Developers across U.S. try to meet millennials’ needs and accommodate the shift to remote work.

By Sami Sparber
Wed, Jun 30, 2021 11:25amGrey Clock 3 min

Apartment sizes are getting bigger across the U.S., just as more people are looking for additional space while spending more time working from home.

In 36% of U.S. cities, apartments under construction are larger on average than those built over the previous five years, according to a report from RENTCafé, a nationwide apartment-search website. Units in 33 of the 92 cities studied rose nearly 50 square feet on average, the report said.

The demand for larger units follows several years when apartments were shrinking in size, in part because smaller units are more profitable for property owners. In dense urban areas and around universities, many developers continue to build smaller apartments to offer more of them and meet high rental demand, according to Yardi Matrix, a real-estate market-intelligence firm that provided data for the RENTCafé report.

But the percentage of bigger new apartments is the highest it has been in five years, reflecting recent tenant preferences, said Doug Ressler, Yardi Matrix’s manager of business intelligence. Older millennials have reached the typical homebuying age, but many are unable to find a home they can afford. Instead, they are looking to rent larger apartments for themselves and their families, Mr. Ressler said.

While the urge to upsize apartments predated the Covid-19 pandemic, some real-estate executives suggest it will continue as the health crisis puts a new premium on space. Developers say they are building units that offer more space to work and relax in, as a way to accommodate residents who are moving out of high-density cities and into suburban areas across the country.

“We’re doing little things like adding built-in offices and areas where people can work from home in nooks and crannies,” said Michael Van Der Poel, founding partner of Asia Capital Real Estate, a private-equity firm that specializes in multifamily-housing development and investment.

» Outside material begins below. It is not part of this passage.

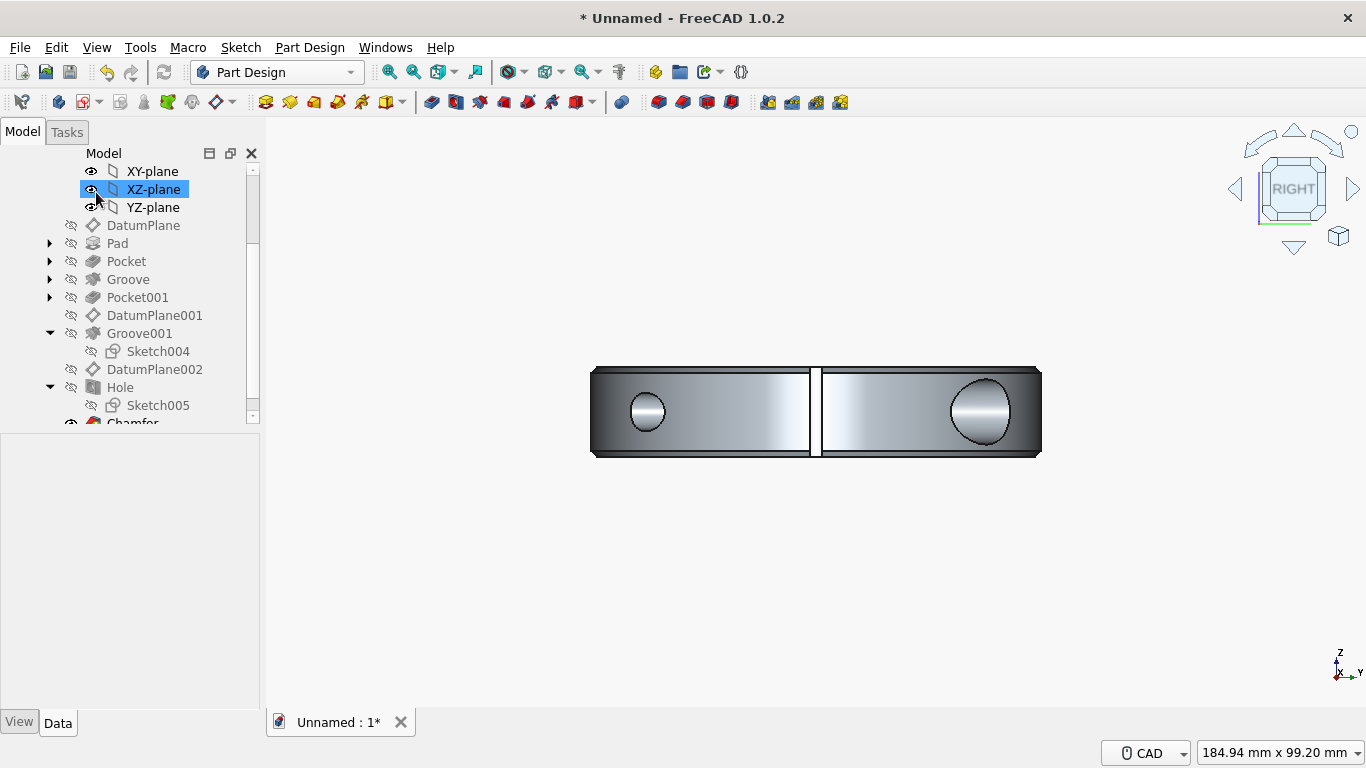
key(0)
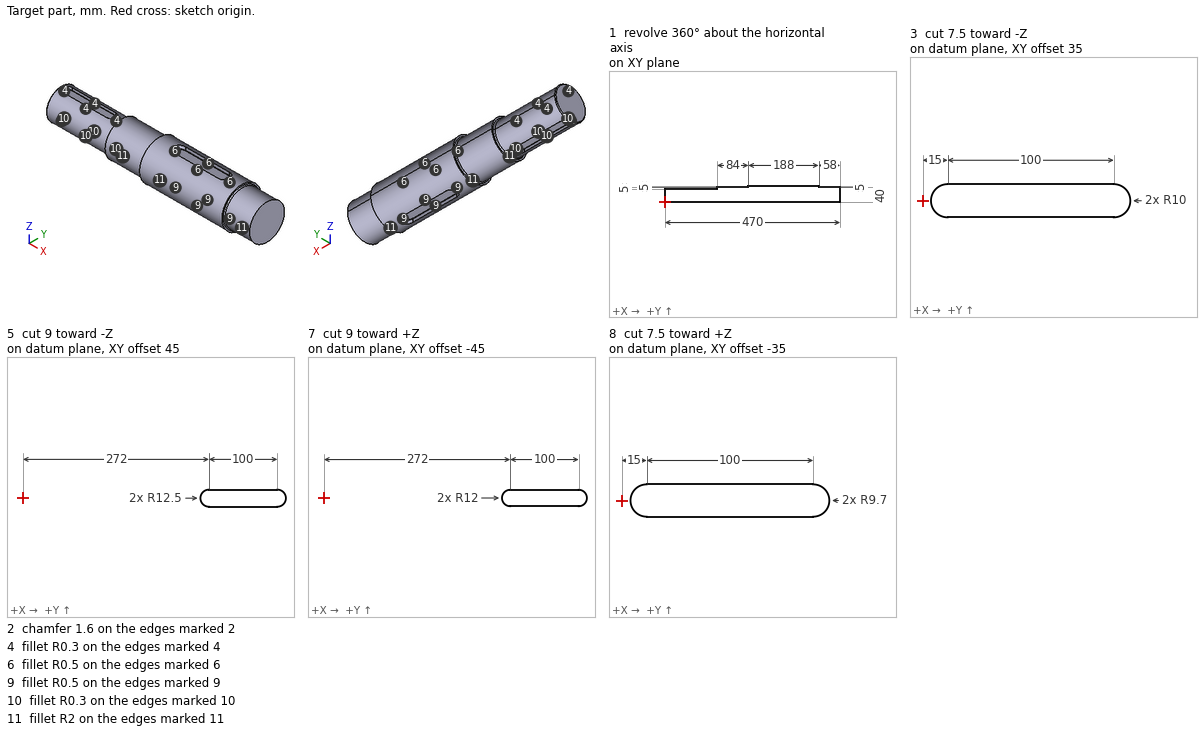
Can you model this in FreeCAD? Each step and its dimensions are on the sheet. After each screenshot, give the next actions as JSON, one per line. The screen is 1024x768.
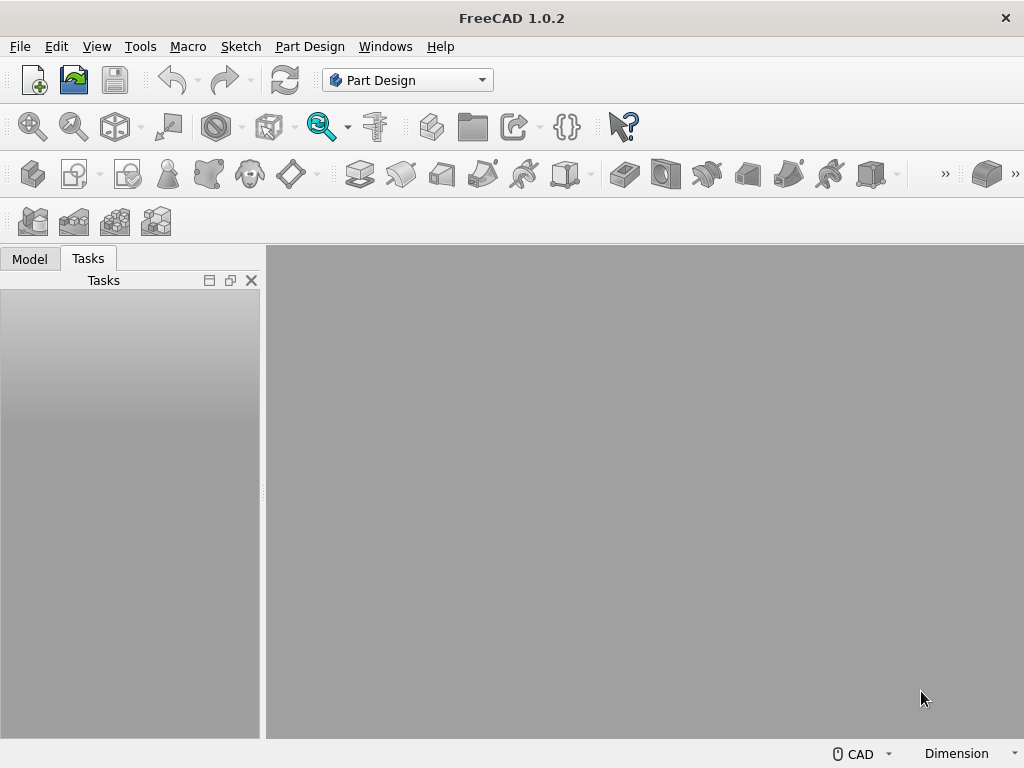
{"action": "left_click", "coordinate": [33, 80]}

J. David Heller, chief executive of the NRP Group, a developer of multifamily buildings, said his firm is offering a den that can be used as a home office in both its one- and two-bedroom apartment plans.

NRP, which develops communities in St. Petersburg, Fla., and San Antonio, among other cities, has expanded a number of its floor plans by 30 to 50 square feet, Mr. Heller said.

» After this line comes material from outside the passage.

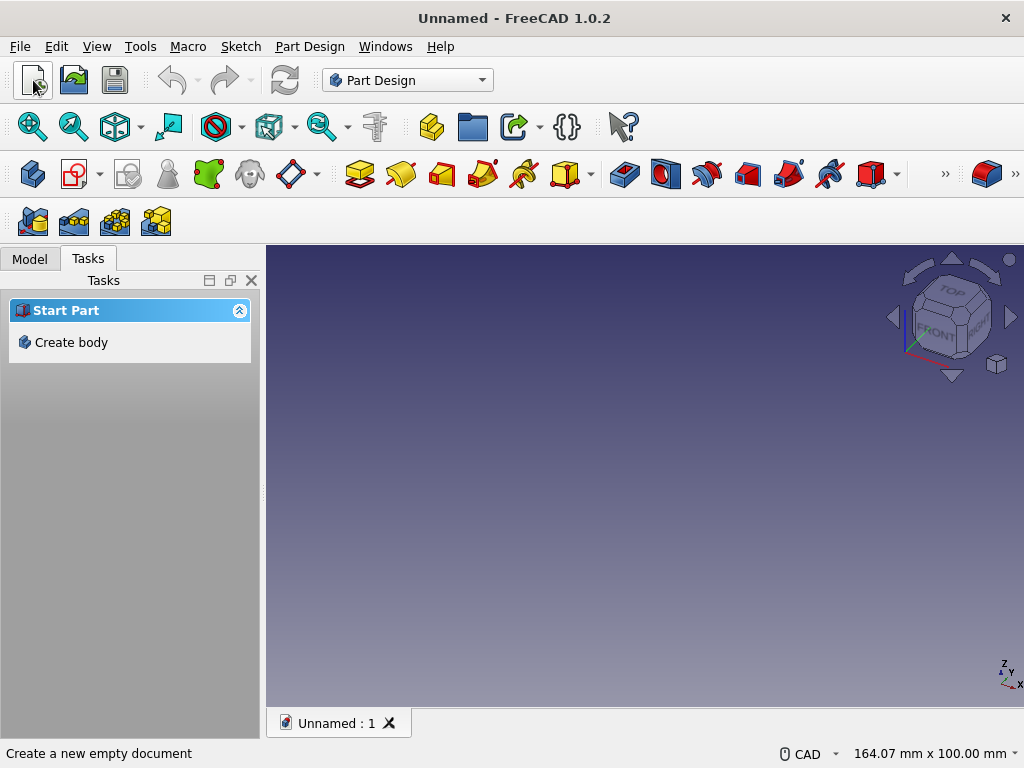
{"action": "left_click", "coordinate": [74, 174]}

Some multifamily developers in northern New Jersey are taking a similar approach, replacing one-bedroom apartments with one-bedrooms plus a den, said Brian Gretkowski, president of Sparrow Asset Management.

The extra space that U.S. developers are offering is incremental, but “in a 600-square-foot apartment, 50 square feet adds up,” said Justin Brown, president and CEO of Skender, a Chicago-based construction firm.

RENTCafé’s report, which it released in early June, analyzed apartment data in the 92 U.S. cities where floor-plan-size information was available as of last month for projects under construction.

One-, two- and three-bedroom apartments are increasing in size in almost half of the cities RENTCafé analyzed. Those units are adding to their average size 28 square feet, 39 square feet and 105 square feet, respectively, according to the report.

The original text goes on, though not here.